A team is a buffer during unforeseen circumstances.
It’s estimated that 20% of startups close down in their first year while 34% do in two years. When an entrepreneur reads such statistics, they are bound to feel slightly nervous. But it is a reality that starting a company is a risk. And you should surely know what you are signing up for before you start. This attitude separates a visionary founder from the many who fail.
For example, in due course of time and unforeseen situations, if one of the founders decides to or is forced to exit the venture, the company’s future is at stake. Having more founders reduces the repercussions. The transition will be smooth and will take place without jeopardizing the organization. Eventually, allowing other founders to fill the gap.
Challenges in a multi-founder approach
When we started Capchase, it was at a time of uncertainty. None of us knew when things would be normal again. As a result, we faced challenges that tested our patience and commitment as a founding team. Here are some of the most common difficulties we faced:
Time and distance barrier
One of the primary challenges to our business is working from different time zones, especially with our founding pairs operating from different countries (Przemek and myself in the States, Luis and Guli in Madrid). We’re fortunate now to have employees from all over the world, but in the founding team we had to be intentional about bending time to make the international makeup of the team actually work.

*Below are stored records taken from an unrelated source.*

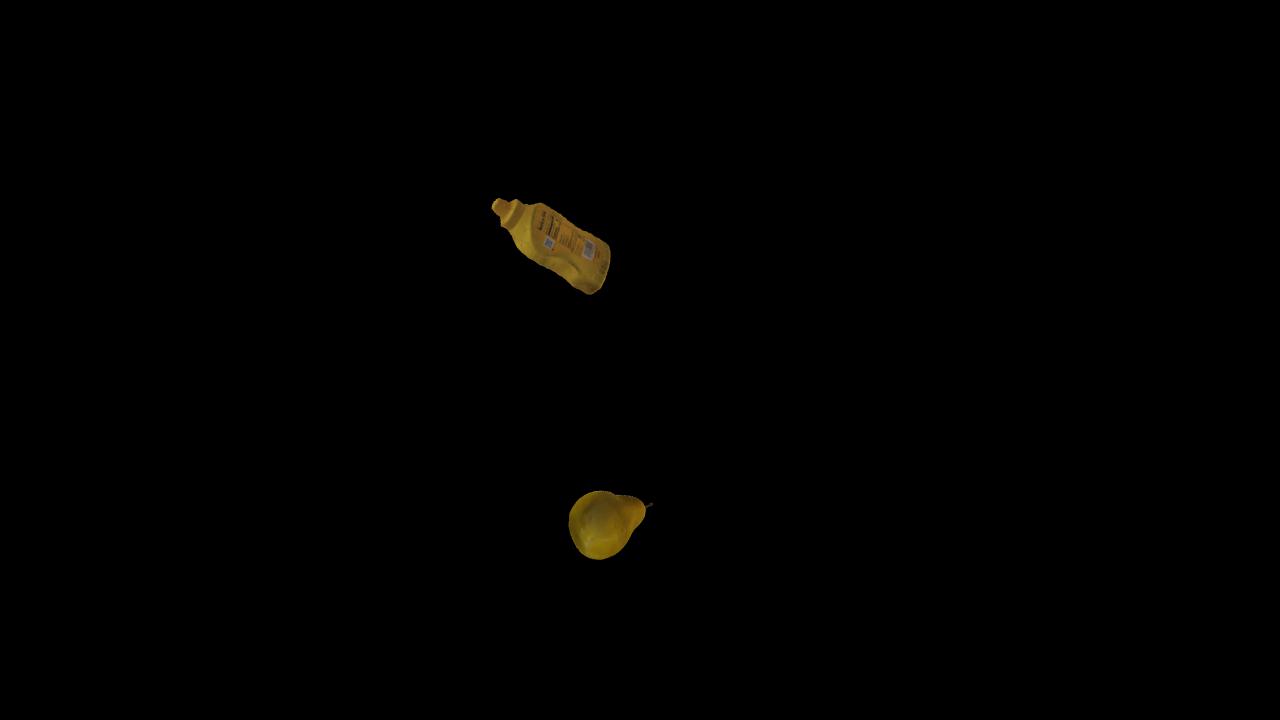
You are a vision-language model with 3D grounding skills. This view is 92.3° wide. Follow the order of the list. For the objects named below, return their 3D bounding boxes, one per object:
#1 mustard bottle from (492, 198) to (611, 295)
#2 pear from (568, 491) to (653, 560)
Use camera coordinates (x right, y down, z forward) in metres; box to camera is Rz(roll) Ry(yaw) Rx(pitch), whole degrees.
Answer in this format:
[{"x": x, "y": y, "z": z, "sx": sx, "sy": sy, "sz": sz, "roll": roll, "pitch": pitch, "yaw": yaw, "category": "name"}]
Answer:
[{"x": -0.127, "y": -0.172, "z": 0.867, "sx": 0.184, "sy": 0.092, "sz": 0.054, "roll": 29, "pitch": -32, "yaw": -32, "category": "mustard bottle"}, {"x": -0.026, "y": 0.186, "z": 0.723, "sx": 0.111, "sy": 0.080, "sz": 0.080, "roll": -19, "pitch": 8, "yaw": -25, "category": "pear"}]
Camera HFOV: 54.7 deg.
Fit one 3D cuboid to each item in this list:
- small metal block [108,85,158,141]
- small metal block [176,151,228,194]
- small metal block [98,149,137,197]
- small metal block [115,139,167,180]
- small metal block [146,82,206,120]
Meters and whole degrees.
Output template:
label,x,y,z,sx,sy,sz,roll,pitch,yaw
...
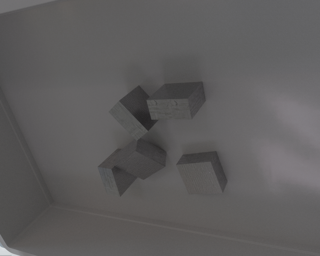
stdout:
label,x,y,z,sx,sy,sz,roll,pitch,yaw
small metal block,-0.028,-0.020,0.395,0.050,0.050,0.025,46,129,-4
small metal block,0.057,0.061,0.417,0.050,0.025,0.050,-10,114,32
small metal block,-0.062,0.066,0.465,0.025,0.050,0.050,4,120,30
small metal block,-0.027,0.044,0.438,0.050,0.025,0.050,31,133,-26
small metal block,0.020,-0.032,0.362,0.050,0.050,0.025,1,119,28

The pandemic forced many companies to follow a decentralized approach to getting work done. While it does have its fair share of benefits, managing a team that operates from various locations was difficult in the initial phase. In addition, getting used to the virtual environment took a while.
McKinsey Global Institute predicts that the global workforce will reach 3.5 billion by 2030. Having diverse team members in the company is very unique as they bring in cultural aesthetics, which are essential for the overall organization’s growth. Many companies have realized it, and they are now actively trying to access global talent with a focus on inclusion.
At the same time, language barriers should be taken into consideration. Companies need to ensure that cross-cultural differences are managed, and everyone in the team understands each other quickly and easily.
We learned many things about the business and our partnership from these challenges. These were some of the essential milestones in our journey to become successful entrepreneurs.
Today I can proudly say that we’ve created a unique product for the market. It’s possible only because talented people with unique ideas were on board. So if you are looking for an answer as to whether you should go solo or team up, I would suggest understanding your compatibility first with the potential partner/co-founder and then make the call.
And if you add the unbeatable combination of strong vision, agility and hard work in place, success will surely follow.